■ Your objective: Take the data that follows and retype it word for word.

Saved data entries:
*** Block opens ***

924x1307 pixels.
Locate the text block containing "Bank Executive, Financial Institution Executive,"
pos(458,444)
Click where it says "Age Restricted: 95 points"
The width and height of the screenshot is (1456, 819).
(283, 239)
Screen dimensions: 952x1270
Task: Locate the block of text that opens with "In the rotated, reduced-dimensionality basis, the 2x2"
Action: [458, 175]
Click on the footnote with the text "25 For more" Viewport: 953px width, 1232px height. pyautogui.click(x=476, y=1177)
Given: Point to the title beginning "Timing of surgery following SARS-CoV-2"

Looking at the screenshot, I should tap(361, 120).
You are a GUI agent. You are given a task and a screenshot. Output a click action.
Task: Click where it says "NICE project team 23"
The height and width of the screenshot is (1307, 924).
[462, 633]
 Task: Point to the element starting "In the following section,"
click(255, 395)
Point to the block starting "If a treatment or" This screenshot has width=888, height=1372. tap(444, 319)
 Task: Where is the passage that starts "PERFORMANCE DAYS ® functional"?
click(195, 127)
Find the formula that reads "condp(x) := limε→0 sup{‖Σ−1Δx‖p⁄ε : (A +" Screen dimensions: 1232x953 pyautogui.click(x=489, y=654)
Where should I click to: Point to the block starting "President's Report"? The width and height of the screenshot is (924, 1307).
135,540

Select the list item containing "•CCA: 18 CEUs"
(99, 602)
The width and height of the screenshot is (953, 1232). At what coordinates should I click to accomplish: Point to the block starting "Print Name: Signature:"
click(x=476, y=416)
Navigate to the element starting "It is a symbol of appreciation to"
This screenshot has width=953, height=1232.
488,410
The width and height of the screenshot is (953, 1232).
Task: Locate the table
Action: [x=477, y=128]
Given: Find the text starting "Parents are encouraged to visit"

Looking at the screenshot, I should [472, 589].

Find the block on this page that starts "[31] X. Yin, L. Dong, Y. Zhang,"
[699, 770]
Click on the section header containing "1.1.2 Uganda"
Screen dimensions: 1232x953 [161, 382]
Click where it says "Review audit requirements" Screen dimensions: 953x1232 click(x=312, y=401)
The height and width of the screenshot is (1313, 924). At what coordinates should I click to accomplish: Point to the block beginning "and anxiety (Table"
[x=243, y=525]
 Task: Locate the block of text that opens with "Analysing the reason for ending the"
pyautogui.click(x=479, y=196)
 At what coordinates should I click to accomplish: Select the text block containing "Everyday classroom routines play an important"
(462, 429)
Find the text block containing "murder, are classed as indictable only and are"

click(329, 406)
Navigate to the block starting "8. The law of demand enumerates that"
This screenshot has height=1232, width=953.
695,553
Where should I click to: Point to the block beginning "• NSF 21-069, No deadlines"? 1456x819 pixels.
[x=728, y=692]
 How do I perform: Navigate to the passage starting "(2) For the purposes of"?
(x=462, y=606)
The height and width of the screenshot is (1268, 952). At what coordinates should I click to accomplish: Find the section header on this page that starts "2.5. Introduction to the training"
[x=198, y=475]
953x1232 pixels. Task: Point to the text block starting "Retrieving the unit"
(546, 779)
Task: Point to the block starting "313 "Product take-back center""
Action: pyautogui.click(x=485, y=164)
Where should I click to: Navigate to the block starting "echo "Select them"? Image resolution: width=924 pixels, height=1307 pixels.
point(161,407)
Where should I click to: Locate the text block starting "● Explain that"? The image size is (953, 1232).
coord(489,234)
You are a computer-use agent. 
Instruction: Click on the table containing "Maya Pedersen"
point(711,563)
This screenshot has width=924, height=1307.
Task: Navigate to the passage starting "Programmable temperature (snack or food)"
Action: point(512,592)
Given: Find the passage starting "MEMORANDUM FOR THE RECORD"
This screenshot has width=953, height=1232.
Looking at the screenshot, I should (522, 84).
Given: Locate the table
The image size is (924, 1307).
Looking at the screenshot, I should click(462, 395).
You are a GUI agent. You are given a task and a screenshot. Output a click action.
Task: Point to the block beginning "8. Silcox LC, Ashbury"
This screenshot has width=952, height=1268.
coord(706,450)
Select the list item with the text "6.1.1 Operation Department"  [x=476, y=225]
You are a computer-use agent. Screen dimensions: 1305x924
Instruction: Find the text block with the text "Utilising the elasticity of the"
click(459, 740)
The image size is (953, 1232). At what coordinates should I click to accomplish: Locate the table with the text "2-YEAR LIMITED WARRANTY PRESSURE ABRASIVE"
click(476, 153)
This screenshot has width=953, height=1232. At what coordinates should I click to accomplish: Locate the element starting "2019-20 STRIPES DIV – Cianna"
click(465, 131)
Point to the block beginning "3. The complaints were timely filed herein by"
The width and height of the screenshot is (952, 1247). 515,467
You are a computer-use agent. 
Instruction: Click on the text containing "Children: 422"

*** Block closes ***

■ Answer below:
924x1307 pixels.
Locate the text block containing "Bank Executive, Financial Institution Executive,"
pos(458,444)
Click where it says "Age Restricted: 95 points"
The width and height of the screenshot is (1456, 819).
(283, 239)
Screen dimensions: 952x1270
Task: Locate the block of text that opens with "In the rotated, reduced-dimensionality basis, the 2x2"
Action: [458, 175]
Click on the footnote with the text "25 For more" Viewport: 953px width, 1232px height. pyautogui.click(x=476, y=1177)
Given: Point to the title beginning "Timing of surgery following SARS-CoV-2"

Looking at the screenshot, I should tap(361, 120).
You are a GUI agent. You are given a task and a screenshot. Output a click action.
Task: Click where it says "NICE project team 23"
The height and width of the screenshot is (1307, 924).
[462, 633]
 Task: Point to the element starting "In the following section,"
click(255, 395)
Point to the block starting "If a treatment or" This screenshot has width=888, height=1372. tap(444, 319)
 Task: Where is the passage that starts "PERFORMANCE DAYS ® functional"?
click(195, 127)
Find the formula that reads "condp(x) := limε→0 sup{‖Σ−1Δx‖p⁄ε : (A +" Screen dimensions: 1232x953 pyautogui.click(x=489, y=654)
Where should I click to: Point to the block starting "President's Report"? The width and height of the screenshot is (924, 1307).
135,540

Select the list item containing "•CCA: 18 CEUs"
(99, 602)
The width and height of the screenshot is (953, 1232). At what coordinates should I click to accomplish: Point to the block starting "Print Name: Signature:"
click(x=476, y=416)
Navigate to the element starting "It is a symbol of appreciation to"
This screenshot has width=953, height=1232.
488,410
The width and height of the screenshot is (953, 1232).
Task: Locate the table
Action: [x=477, y=128]
Given: Find the text starting "Parents are encouraged to visit"

Looking at the screenshot, I should [472, 589].

Find the block on this page that starts "[31] X. Yin, L. Dong, Y. Zhang,"
[699, 770]
Click on the section header containing "1.1.2 Uganda"
Screen dimensions: 1232x953 [161, 382]
Click where it says "Review audit requirements" Screen dimensions: 953x1232 click(x=312, y=401)
The height and width of the screenshot is (1313, 924). At what coordinates should I click to accomplish: Point to the block beginning "and anxiety (Table"
[x=243, y=525]
 Task: Locate the block of text that opens with "Analysing the reason for ending the"
pyautogui.click(x=479, y=196)
 At what coordinates should I click to accomplish: Select the text block containing "Everyday classroom routines play an important"
(462, 429)
Find the text block containing "murder, are classed as indictable only and are"

click(329, 406)
Navigate to the block starting "8. The law of demand enumerates that"
This screenshot has height=1232, width=953.
695,553
Where should I click to: Point to the block beginning "• NSF 21-069, No deadlines"? 1456x819 pixels.
[x=728, y=692]
 How do I perform: Navigate to the passage starting "(2) For the purposes of"?
(x=462, y=606)
The height and width of the screenshot is (1268, 952). At what coordinates should I click to accomplish: Find the section header on this page that starts "2.5. Introduction to the training"
[x=198, y=475]
953x1232 pixels. Task: Point to the text block starting "Retrieving the unit"
(546, 779)
Task: Point to the block starting "313 "Product take-back center""
Action: pyautogui.click(x=485, y=164)
Where should I click to: Navigate to the block starting "echo "Select them"? Image resolution: width=924 pixels, height=1307 pixels.
point(161,407)
Where should I click to: Locate the text block starting "● Explain that"? The image size is (953, 1232).
coord(489,234)
You are a computer-use agent. 
Instruction: Click on the table containing "Maya Pedersen"
point(711,563)
This screenshot has width=924, height=1307.
Task: Navigate to the passage starting "Programmable temperature (snack or food)"
Action: point(512,592)
Given: Find the passage starting "MEMORANDUM FOR THE RECORD"
This screenshot has width=953, height=1232.
Looking at the screenshot, I should (522, 84).
Given: Locate the table
The image size is (924, 1307).
Looking at the screenshot, I should click(462, 395).
You are a GUI agent. You are given a task and a screenshot. Output a click action.
Task: Point to the block beginning "8. Silcox LC, Ashbury"
This screenshot has width=952, height=1268.
coord(706,450)
Select the list item with the text "6.1.1 Operation Department"  [x=476, y=225]
You are a computer-use agent. Screen dimensions: 1305x924
Instruction: Find the text block with the text "Utilising the elasticity of the"
click(459, 740)
The image size is (953, 1232). At what coordinates should I click to accomplish: Locate the table with the text "2-YEAR LIMITED WARRANTY PRESSURE ABRASIVE"
click(476, 153)
This screenshot has width=953, height=1232. At what coordinates should I click to accomplish: Locate the element starting "2019-20 STRIPES DIV – Cianna"
click(465, 131)
Point to the block beginning "3. The complaints were timely filed herein by"
The width and height of the screenshot is (952, 1247). 515,467
You are a computer-use agent. 
Instruction: Click on the text containing "Children: 422"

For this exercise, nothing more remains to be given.